On how many lines of the records below does the string "point" appear? Reply with only the number.

EXTRACTED INFORMATION:
┌──

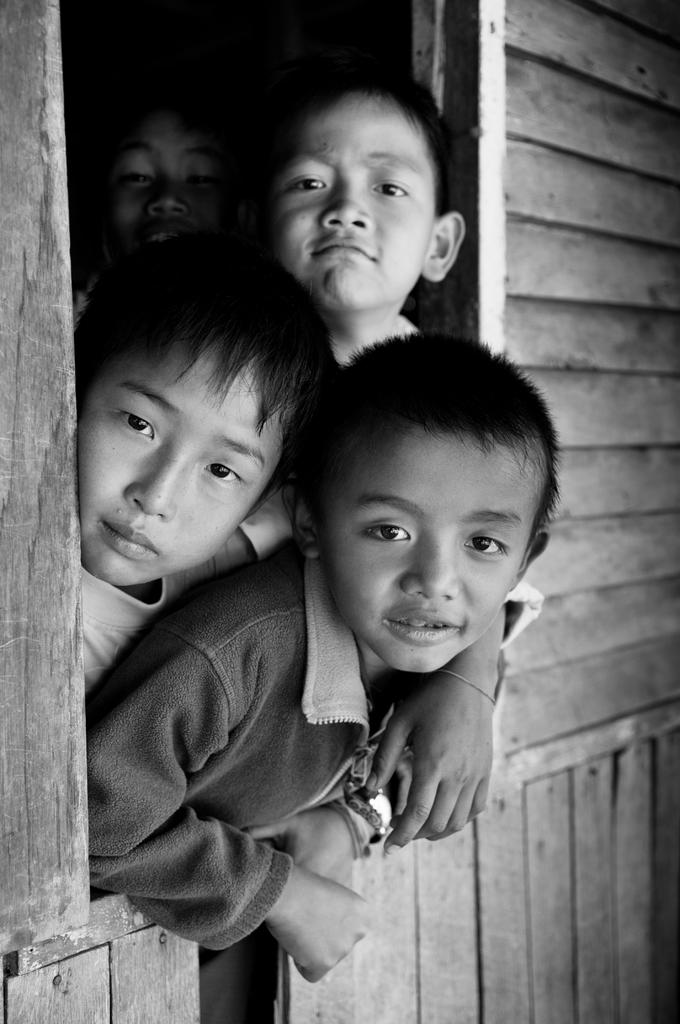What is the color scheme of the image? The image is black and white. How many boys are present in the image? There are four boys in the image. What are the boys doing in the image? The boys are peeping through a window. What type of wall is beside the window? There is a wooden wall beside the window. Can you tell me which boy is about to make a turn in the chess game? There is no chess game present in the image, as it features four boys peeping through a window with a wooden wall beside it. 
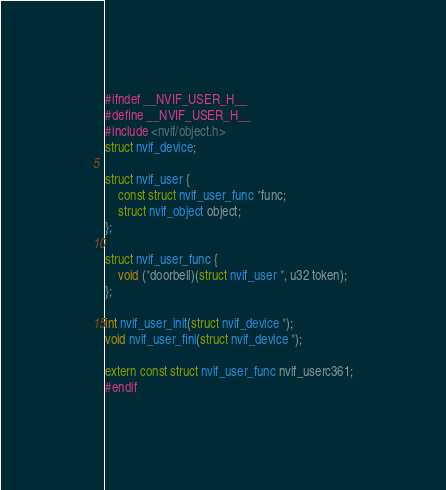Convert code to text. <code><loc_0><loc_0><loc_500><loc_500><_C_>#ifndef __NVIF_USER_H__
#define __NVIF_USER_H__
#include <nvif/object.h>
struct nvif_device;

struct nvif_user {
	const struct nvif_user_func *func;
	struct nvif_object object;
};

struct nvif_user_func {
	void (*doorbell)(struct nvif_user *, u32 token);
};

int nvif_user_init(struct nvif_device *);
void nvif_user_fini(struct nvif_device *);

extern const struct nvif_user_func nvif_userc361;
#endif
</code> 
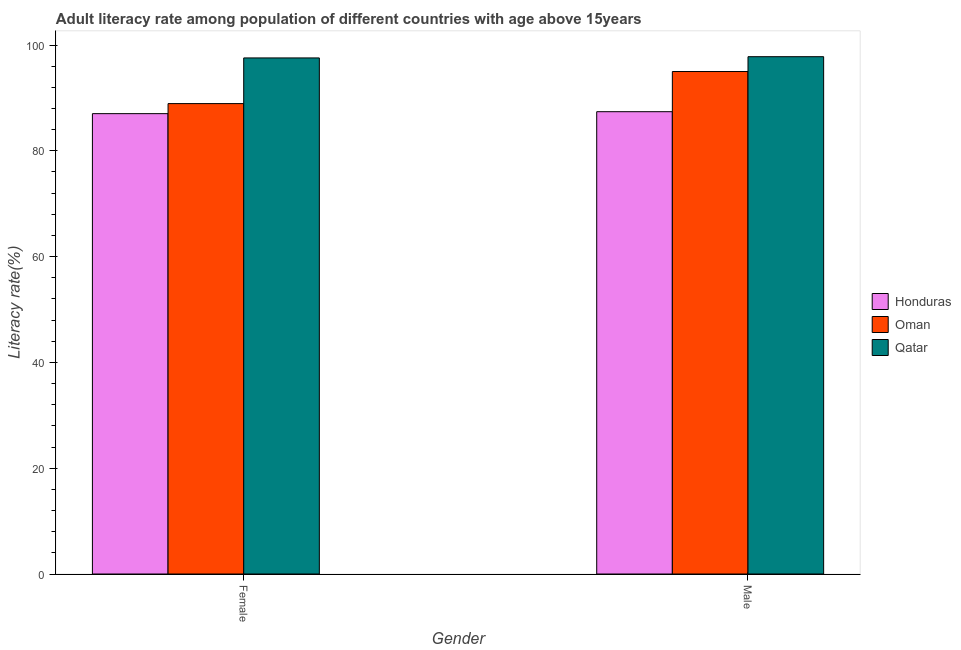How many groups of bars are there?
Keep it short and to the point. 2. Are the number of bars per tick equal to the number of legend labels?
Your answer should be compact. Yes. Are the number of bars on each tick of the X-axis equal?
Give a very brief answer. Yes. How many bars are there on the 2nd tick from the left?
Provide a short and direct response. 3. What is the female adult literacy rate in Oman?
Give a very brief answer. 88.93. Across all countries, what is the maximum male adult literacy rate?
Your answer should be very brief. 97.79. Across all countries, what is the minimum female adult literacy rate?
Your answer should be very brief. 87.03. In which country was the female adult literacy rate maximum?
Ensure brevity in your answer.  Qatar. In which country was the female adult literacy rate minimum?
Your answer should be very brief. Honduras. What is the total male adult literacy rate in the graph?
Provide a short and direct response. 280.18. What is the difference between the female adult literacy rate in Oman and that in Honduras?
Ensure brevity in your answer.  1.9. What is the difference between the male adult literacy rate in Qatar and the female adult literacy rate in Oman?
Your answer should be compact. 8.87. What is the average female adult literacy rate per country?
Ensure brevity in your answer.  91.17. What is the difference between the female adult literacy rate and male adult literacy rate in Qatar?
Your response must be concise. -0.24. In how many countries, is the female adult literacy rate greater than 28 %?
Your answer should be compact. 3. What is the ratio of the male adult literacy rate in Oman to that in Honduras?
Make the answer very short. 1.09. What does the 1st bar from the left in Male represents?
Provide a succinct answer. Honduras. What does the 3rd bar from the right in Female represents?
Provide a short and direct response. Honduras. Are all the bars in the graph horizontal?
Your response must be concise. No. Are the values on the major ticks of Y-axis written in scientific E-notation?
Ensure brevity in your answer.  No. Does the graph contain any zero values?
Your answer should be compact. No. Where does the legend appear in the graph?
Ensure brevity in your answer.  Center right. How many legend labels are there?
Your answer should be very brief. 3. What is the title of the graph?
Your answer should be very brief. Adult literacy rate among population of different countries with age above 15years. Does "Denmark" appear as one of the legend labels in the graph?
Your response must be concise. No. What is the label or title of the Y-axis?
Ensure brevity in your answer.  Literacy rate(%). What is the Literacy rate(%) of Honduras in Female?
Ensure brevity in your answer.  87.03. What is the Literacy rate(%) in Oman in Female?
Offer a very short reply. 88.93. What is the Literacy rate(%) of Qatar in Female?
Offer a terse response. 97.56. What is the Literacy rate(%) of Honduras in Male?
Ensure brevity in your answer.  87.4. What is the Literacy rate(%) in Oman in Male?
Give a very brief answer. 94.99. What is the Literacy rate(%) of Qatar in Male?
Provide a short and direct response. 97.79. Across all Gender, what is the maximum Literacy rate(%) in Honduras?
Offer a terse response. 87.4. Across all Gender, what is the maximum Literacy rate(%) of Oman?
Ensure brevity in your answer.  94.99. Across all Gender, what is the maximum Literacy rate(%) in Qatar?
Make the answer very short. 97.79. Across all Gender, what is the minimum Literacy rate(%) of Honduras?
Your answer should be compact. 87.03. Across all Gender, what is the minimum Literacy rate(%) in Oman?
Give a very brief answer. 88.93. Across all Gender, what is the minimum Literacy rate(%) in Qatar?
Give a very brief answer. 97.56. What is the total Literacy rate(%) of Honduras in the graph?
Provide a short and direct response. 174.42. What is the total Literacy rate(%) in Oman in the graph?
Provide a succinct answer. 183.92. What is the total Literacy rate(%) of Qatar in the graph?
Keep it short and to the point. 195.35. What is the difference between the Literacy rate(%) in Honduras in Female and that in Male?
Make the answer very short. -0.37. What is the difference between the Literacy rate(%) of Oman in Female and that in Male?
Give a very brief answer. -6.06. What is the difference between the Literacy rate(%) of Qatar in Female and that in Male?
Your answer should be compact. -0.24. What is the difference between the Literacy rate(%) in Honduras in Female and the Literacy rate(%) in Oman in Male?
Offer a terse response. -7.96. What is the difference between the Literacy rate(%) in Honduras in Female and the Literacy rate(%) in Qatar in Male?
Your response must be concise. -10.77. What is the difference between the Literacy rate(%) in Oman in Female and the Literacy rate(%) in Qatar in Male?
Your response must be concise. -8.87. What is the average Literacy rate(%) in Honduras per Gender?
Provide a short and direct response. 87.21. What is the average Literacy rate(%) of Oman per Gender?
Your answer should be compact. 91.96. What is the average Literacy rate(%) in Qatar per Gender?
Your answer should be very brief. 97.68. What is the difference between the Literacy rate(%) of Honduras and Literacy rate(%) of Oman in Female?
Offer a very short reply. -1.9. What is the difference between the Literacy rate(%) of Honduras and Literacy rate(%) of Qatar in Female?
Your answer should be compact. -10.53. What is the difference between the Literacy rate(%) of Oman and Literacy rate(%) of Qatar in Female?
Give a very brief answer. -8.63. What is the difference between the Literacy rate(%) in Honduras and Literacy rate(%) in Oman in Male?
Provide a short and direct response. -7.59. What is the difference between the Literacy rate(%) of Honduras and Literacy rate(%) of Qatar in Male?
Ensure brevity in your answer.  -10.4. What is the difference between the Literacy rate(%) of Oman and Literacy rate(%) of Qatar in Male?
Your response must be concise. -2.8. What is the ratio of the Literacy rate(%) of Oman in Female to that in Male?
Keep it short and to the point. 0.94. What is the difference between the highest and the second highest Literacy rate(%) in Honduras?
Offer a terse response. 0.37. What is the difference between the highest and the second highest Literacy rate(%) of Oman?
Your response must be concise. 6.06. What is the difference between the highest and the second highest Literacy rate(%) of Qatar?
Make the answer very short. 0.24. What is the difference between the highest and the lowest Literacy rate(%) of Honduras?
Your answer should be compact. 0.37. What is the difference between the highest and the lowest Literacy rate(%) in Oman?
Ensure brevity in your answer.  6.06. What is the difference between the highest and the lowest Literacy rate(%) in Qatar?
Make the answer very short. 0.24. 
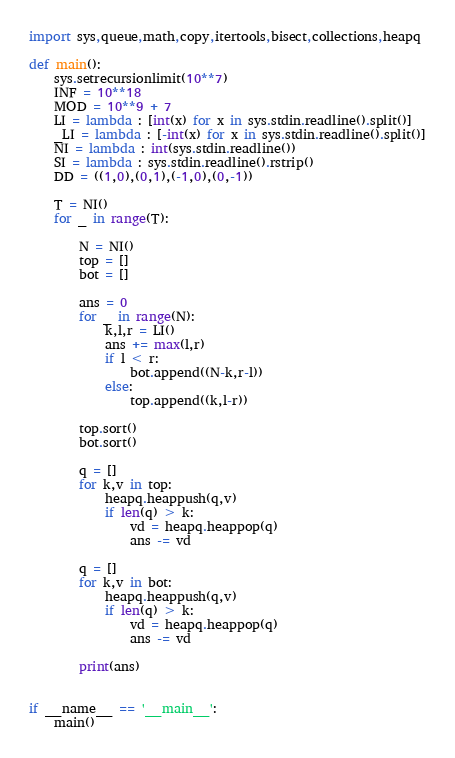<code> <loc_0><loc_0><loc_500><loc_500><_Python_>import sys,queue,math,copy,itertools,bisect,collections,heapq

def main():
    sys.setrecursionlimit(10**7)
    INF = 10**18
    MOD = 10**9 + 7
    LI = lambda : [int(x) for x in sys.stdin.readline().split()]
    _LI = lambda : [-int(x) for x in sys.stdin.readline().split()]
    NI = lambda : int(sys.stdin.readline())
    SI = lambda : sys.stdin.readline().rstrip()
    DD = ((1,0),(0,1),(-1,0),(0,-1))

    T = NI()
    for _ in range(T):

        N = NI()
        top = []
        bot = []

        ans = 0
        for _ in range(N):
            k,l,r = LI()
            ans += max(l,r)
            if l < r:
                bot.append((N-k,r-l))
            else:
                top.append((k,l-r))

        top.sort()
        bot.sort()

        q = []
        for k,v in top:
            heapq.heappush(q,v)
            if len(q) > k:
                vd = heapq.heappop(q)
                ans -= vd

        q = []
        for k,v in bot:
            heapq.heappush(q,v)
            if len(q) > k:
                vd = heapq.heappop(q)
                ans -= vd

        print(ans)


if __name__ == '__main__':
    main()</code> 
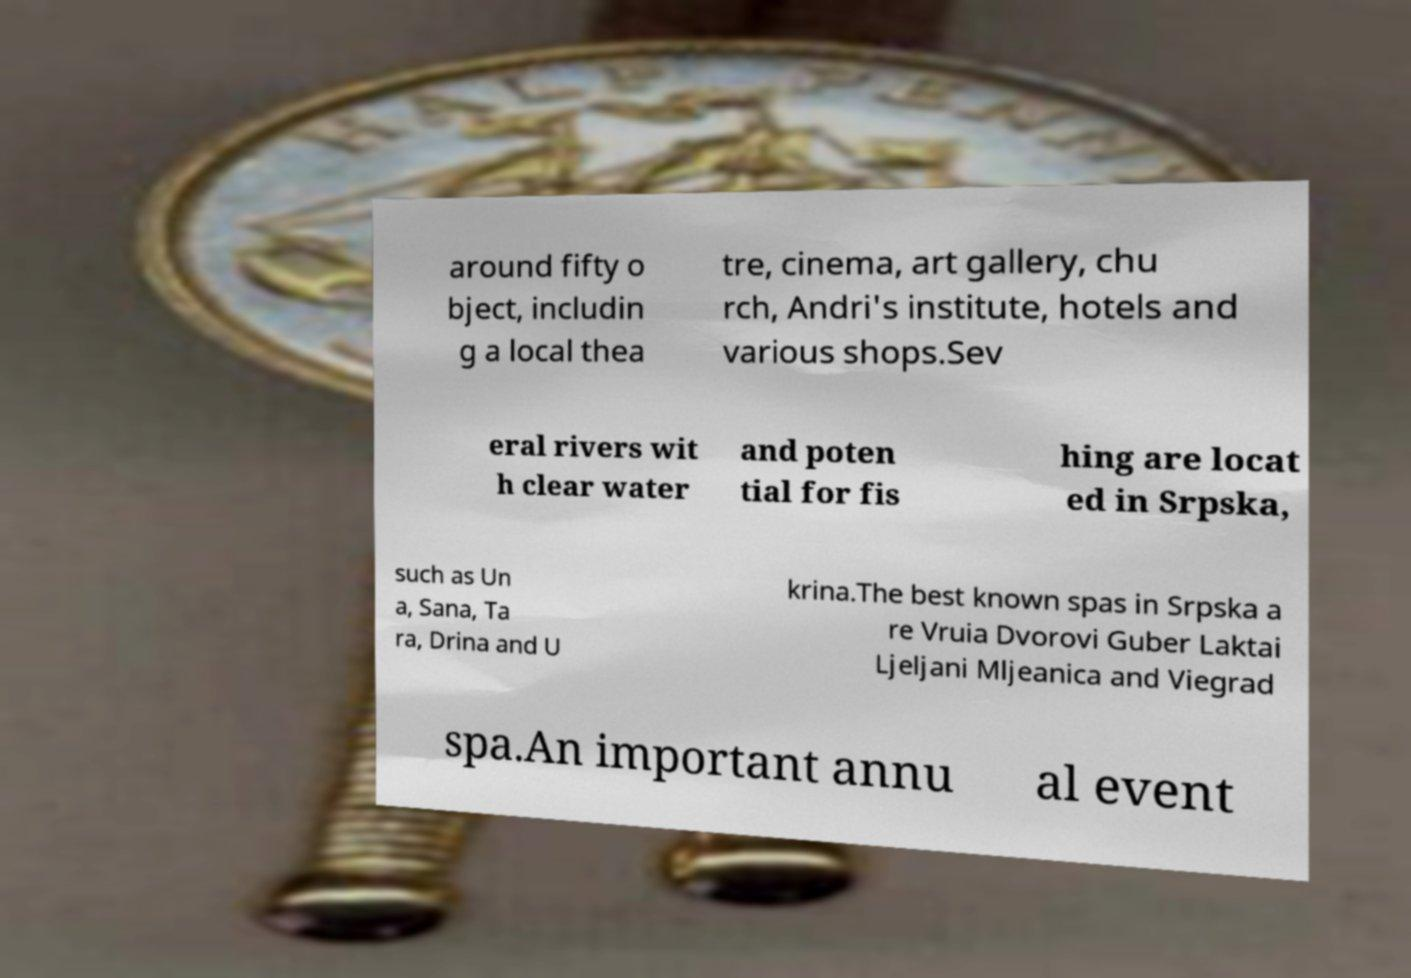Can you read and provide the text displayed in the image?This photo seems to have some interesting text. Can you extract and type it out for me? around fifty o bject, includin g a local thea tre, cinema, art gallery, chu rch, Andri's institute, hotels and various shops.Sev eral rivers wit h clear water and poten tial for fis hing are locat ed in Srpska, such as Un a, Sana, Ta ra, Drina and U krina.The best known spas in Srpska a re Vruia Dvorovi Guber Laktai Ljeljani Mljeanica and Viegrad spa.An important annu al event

└──

ANSWER SPACE: 3